## Problem statement
From the entries that follow, reproduce exactly and only the lines from the line with "Meters and whole degrees." to the line with "#21 brush [762,370,821,456]", endpoints included.

## Records provided

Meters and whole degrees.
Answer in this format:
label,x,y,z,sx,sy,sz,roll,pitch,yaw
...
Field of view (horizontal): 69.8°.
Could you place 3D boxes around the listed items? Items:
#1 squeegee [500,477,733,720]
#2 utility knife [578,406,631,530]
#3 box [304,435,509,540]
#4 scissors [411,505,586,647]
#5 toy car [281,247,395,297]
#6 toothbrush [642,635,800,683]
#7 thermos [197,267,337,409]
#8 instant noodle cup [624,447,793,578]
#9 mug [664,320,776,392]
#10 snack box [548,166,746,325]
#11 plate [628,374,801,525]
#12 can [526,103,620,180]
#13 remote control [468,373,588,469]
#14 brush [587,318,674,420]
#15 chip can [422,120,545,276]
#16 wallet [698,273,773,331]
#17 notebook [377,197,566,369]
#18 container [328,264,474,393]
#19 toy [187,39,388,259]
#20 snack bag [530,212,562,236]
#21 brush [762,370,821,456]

...

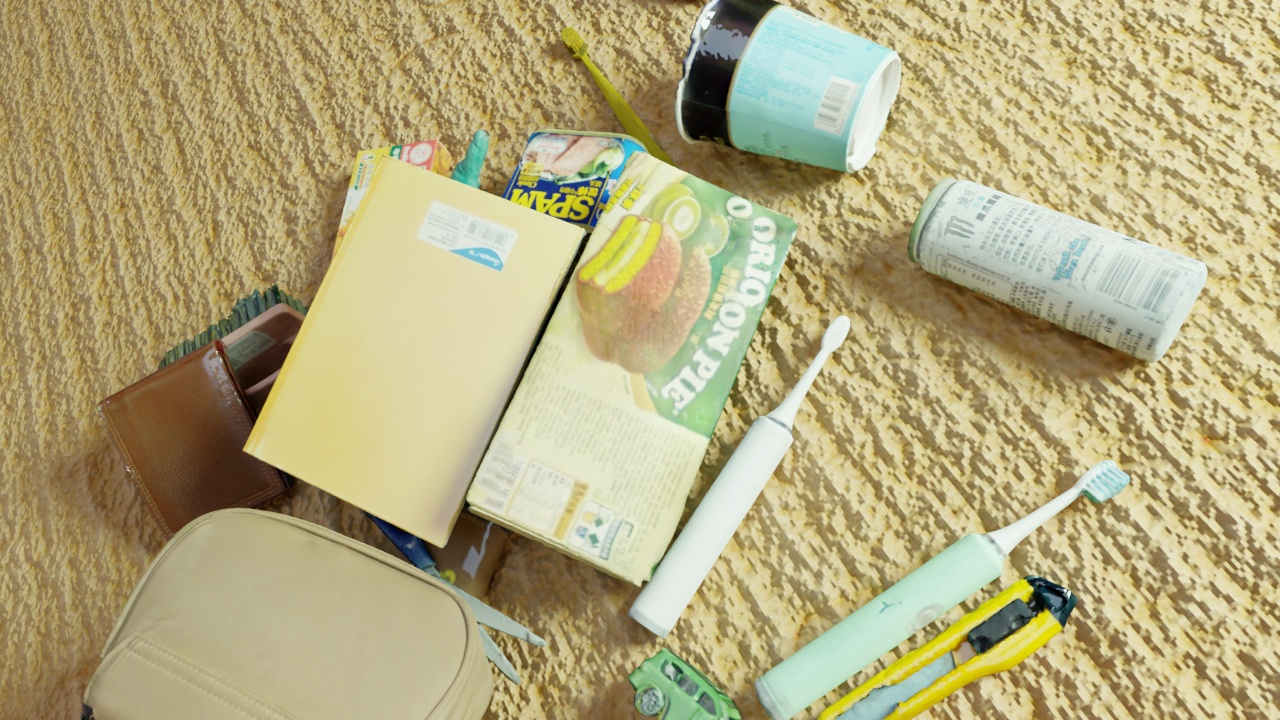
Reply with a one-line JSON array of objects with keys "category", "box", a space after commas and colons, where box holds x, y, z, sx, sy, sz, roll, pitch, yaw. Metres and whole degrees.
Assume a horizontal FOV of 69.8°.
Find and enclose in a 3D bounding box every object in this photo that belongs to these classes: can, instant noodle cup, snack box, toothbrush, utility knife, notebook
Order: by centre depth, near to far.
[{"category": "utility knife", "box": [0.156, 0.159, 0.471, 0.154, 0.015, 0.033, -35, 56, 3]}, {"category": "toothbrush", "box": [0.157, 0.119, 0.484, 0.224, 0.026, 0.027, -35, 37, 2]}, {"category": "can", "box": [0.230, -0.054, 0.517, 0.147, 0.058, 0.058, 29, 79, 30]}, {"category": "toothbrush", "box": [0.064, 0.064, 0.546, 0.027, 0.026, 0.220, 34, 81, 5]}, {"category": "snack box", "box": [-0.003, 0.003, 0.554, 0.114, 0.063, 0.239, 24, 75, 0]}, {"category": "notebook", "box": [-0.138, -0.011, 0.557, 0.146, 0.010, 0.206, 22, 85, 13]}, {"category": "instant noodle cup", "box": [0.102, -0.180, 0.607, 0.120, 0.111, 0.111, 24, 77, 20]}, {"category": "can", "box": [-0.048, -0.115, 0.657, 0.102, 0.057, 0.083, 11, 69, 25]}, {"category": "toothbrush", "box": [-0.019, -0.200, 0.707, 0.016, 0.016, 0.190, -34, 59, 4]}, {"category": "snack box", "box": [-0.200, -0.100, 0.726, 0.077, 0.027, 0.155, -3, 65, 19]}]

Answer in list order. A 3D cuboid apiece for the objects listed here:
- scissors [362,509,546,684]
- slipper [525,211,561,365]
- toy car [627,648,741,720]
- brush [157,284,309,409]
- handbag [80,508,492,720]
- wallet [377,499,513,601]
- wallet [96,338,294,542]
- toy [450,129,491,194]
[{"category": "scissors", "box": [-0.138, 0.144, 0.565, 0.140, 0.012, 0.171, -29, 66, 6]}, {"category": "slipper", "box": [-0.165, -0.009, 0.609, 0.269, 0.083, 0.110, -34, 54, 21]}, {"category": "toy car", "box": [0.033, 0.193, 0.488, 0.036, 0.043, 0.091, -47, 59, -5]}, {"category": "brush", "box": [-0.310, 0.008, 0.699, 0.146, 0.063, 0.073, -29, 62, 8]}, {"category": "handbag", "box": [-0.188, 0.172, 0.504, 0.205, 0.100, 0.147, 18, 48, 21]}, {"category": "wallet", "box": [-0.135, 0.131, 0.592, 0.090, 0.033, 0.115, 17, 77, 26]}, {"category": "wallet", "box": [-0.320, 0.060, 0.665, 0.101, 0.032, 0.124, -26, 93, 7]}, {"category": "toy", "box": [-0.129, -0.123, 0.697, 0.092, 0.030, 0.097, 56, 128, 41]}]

## Task solution
Meters and whole degrees.
Answer in this format:
label,x,y,z,sx,sy,sz,roll,pitch,yaw
...
Field of view (horizontal): 69.8°.
Could you place 3D boxes around the listed items? Items:
#1 squeegee [500,477,733,720]
#2 utility knife [578,406,631,530]
#3 box [304,435,509,540]
#4 scissors [411,505,586,647]
#5 toy car [281,247,395,297]
#6 toothbrush [642,635,800,683]
#7 thermos [197,267,337,409]
#8 instant noodle cup [624,447,793,578]
#9 mug [664,320,776,392]
#10 snack box [548,166,746,325]
#11 plate [628,374,801,525]
#12 can [526,103,620,180]
#13 remote control [468,373,588,469]
#14 brush [587,318,674,420]
#15 chip can [422,120,545,276]
#16 wallet [698,273,773,331]
#17 notebook [377,197,566,369]
#18 container [328,264,474,393]
#19 toy [187,39,388,259]
#20 snack bag [530,212,562,236]
#21 brush [762,370,821,456]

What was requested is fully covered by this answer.